Sometimes playing them through tube amps close to the point of distortion can give them more character. I think that’s what’s happening in this White Stripes performance. I particularly like the percussive sound the organ is making through the opening bars.

And there are a whole host of other nuances. Most instruments sounds different depending on how hard they are played. Plucking a guitar string softly vs. loudly is not just a difference in volume/amplitude. You get different sounds, as the more loudly plucked note has more audible harmonics than the softly plucked string. Hit a piano key softly, and there’s this mellow, almost muted quality to it. The sound is soft and a little dampened. Bang on it and you get bright, sharp sounds will a full spectrum of overtones. If you took a passage played with a soft touch and simply increased the volume so it’s as loud as one played with a loud touch, they wouldn’t sound the same.

Most of this sort of stuff is modeled in synthesizers through multi-sampling, by recording each sample at a range of attacks, and then applying some flavor of ADSR (attack, decay, sustain, release) envelopes to them which basically govern how amplitude and frequency response change over time. And it wasn’t necessary to sample every single note. You could get a reasonable sounding piano with a single sample for every, I dunno, third or so note, and then just scale those notes to fill in the missing keys. And, if you don’t utilize multi-sampling for dynamic levels, you can get a reasonable approximation using just ADSR envelopes and mapping velocity (basically, how hard you strike the key) to them.

And that’s modeling something relatively simple with fixed, discrete pitches like a piano. With many other instruments, you have a lot more options as to how to play the note. You can bend it, you can slide it, you can add vibrato, you can bow it vs. pluck it, you can mute it, you can play it as a harmonic, you can hammer-on or pull-off, etc.

In other words, making an instrument sound like that instrument is not going to simply being a matter of recording the notes you need on tape, and then playing them back in whatever order you need.

That said, the sounds this crude sort of sampler makes are quite interesting in their own right–I just wouldn’t think of them as really trying to be a substitute for the real thing.

A few years back, there was a lot of talk about using physical modelling to synthesise sounds. If you have an accurate physics engine, it should be possible to emulate the characteristics of real or even imaginary instruments. I don’t know if it seriously took off though, anyone know the latest on this?

Most of the modern crop of synthesizers use a combination of sampling and modeling to create “authentic” reproductions of instruments.

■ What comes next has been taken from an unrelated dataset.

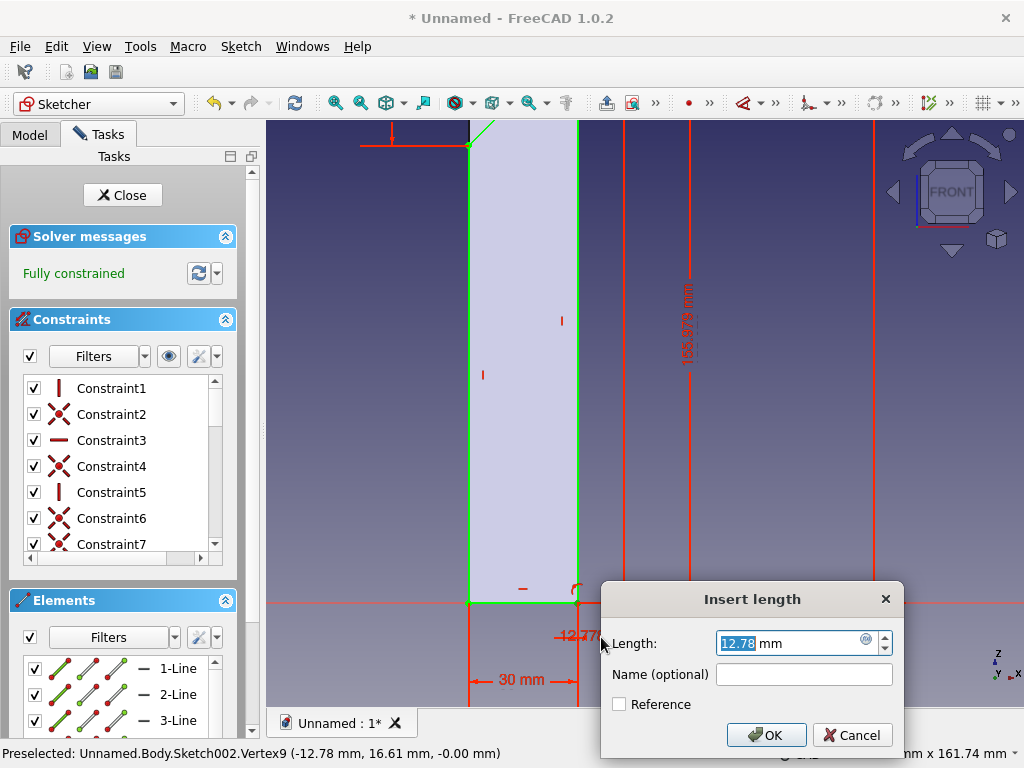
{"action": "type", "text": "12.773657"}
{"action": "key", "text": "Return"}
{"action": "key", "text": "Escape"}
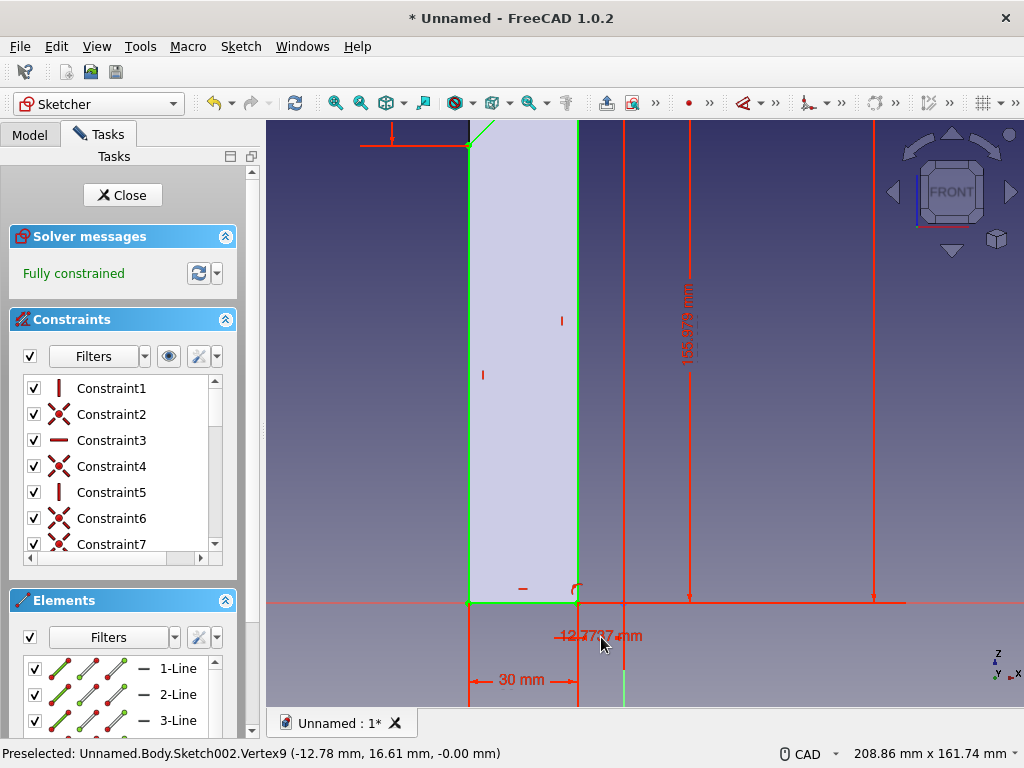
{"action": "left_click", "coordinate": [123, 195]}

So, it might take the samples of a piano, and then use modeling to smooth out the transition between samples of different attack velocities, or to add the harmonic complexities of the sympathetic vibrations of the other strings.

My electric piano (circa 2001) has hundreds of voices and models lots of things mentioned here. For example, on the voice Sweet Trumpet, if you hold a key, the trumpet sound quavers out after a suitable pause. if you don’t hold it that long, no quaver!

This instrument throws hammers, but they don’t hit strings, just some felt. There are sensors that detect how fast the hammer moved and both the attack and the loudness are adjusted.

There is some recording ability, too, not that I have used it. But there entire voices designed to be used for improving the realism of recordings. For example, there is an 88-key voice of guitar squeaks, usually made when a guitarists fingers slide down a string. You could record a track with a few squeaks to make your overall guitar recording sound more authentic.